Mark and I have a long history. We are the same age and we both got into the structured settlement business over 30 years ago.

At one time, we were both affiliated with the national company whose leader managed to find every "out of the box" thinker in the settlement planning industry and tried to get them to work together. One of those ideas like herding cats. It looks good on paper, but doomed to failure.

Since we were all rebellious, "out of the box" thinkers, all of the best producers split off and formed our own individual companies.

Mark focuses his attention on working with injury victims and their attorneys. There is a story often told that Mark switched from helping claims adjusters for a large insurance company after telling a claimant that the company Mark represented was ripping the man off.

Honesty is a great policy, but a bad short-term career strategy.

Mark lost his job, started his own company and, over 25 years later, has never looked back.

In short, Mark and I have similar personalities.

I always like keeping an eye on Mark, and it is pretty easy to do. One of his better ideas seven years ago was to start the Legal Broadcast Network, which provides video news and commentary for attorneys over the internet.

Mark, who looks like a slightly heavier George Clooney, is the perfect host for The Settlement Channel, which is part of the Legal Broadcast Network.
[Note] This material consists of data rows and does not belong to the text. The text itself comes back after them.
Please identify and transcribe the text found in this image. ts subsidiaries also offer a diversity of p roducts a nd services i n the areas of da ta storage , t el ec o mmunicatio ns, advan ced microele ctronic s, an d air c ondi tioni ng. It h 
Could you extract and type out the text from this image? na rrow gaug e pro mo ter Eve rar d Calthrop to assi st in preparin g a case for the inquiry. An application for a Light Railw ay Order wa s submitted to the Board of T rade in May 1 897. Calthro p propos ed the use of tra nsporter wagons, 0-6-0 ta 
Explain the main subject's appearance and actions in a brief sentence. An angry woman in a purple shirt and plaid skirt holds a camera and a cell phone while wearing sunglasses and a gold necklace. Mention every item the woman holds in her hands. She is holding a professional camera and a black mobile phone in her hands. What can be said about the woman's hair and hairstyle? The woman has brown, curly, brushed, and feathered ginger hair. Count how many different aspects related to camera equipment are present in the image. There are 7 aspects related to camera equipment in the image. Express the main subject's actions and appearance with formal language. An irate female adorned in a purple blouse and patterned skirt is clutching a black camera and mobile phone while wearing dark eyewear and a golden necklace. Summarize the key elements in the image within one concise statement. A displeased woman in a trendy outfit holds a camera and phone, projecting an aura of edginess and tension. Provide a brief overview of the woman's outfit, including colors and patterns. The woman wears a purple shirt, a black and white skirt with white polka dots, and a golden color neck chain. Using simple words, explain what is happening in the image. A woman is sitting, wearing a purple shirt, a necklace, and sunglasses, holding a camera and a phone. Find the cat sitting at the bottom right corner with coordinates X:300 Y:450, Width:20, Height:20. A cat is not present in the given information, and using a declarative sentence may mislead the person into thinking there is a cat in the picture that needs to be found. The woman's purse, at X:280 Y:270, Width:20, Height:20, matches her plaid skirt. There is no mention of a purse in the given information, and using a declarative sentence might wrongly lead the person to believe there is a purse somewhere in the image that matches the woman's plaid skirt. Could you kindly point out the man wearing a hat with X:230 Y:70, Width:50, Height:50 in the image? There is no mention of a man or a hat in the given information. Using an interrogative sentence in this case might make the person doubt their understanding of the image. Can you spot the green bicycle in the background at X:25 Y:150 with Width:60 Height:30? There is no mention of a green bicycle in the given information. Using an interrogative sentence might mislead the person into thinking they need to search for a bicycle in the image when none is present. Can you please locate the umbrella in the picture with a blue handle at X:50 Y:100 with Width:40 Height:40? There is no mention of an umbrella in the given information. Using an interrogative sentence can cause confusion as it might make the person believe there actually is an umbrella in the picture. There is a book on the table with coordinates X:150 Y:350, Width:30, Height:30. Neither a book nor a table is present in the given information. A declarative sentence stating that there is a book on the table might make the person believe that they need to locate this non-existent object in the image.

Whatever he is doing is working. When I talked to Mark last week, he told me that the network is getting ready to do a major expansion and has been a financial success.

What really spurred my call was to find out what he is doing in the mass tort administration business. It is one I know a whole lot about. I have my own mass tort company and it is a major source of my income. I was the first person to write in major legal publications about a concept called Qualified Settlements Funds (468b funds).

I wanted to see if Wahlstrom was as cutting edge as the news release claimed.

He is.

Trying to describe what a mass tort administrator does is not easy. You are not likely to see the position advertised on Craigslist.

Even if you don't know what a mass tort administrator or a class action administrator does, odds are that you have interacted with one at one time.

According to Wikipedia, "a mass tort is a civil action involving numerous plaintiffs against one or a few corporate defendants in state or federal court."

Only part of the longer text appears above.